:: What you will do ::
The lines you need are those holding the word "Meters"; pull them from the material.

:: Available data ::
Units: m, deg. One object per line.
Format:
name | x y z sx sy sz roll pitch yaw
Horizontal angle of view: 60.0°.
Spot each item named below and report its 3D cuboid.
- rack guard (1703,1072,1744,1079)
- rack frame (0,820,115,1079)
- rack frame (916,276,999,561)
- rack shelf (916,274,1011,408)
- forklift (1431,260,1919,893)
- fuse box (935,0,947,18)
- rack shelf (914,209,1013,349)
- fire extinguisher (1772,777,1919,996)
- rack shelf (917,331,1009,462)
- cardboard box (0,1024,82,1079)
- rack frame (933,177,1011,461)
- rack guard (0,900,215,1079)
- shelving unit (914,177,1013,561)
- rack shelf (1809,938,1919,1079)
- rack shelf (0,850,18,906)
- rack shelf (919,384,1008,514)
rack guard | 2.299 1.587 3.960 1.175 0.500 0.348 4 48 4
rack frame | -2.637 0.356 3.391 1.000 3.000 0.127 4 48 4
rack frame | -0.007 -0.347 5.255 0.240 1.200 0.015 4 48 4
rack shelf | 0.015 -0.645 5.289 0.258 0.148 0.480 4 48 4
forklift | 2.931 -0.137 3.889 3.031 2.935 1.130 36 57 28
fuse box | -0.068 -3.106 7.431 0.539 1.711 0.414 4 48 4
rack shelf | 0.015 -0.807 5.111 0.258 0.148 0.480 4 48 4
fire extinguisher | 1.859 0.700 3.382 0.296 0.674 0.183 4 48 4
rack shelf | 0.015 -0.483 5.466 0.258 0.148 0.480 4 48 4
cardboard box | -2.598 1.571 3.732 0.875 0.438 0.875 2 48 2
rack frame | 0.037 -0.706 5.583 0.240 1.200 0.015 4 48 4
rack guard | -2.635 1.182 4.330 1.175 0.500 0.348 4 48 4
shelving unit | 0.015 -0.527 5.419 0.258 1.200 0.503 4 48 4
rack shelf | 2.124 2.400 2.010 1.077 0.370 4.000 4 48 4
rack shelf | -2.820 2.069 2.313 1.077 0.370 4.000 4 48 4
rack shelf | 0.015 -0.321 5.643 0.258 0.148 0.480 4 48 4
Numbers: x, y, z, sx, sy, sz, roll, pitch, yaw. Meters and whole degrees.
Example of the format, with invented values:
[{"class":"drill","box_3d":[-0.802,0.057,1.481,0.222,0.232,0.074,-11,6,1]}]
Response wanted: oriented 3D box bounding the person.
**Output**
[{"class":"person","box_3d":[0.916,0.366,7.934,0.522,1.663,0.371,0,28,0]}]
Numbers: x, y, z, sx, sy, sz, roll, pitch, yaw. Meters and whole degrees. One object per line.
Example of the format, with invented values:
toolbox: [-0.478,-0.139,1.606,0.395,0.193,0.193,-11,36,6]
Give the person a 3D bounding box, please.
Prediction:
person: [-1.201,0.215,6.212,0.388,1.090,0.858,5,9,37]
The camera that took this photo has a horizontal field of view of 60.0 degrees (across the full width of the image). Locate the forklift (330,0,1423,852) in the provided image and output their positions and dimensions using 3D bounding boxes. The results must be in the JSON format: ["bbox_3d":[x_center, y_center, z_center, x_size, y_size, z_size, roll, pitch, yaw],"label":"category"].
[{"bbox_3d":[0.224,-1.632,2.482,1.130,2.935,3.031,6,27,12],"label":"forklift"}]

:: Answer below ::
Numbers: x, y, z, sx, sy, sz, roll, pitch, yaw. Meters and whole degrees.
Numbers: x, y, z, sx, sy, sz, roll, pitch, yaw. Meters and whole degrees. One object per line.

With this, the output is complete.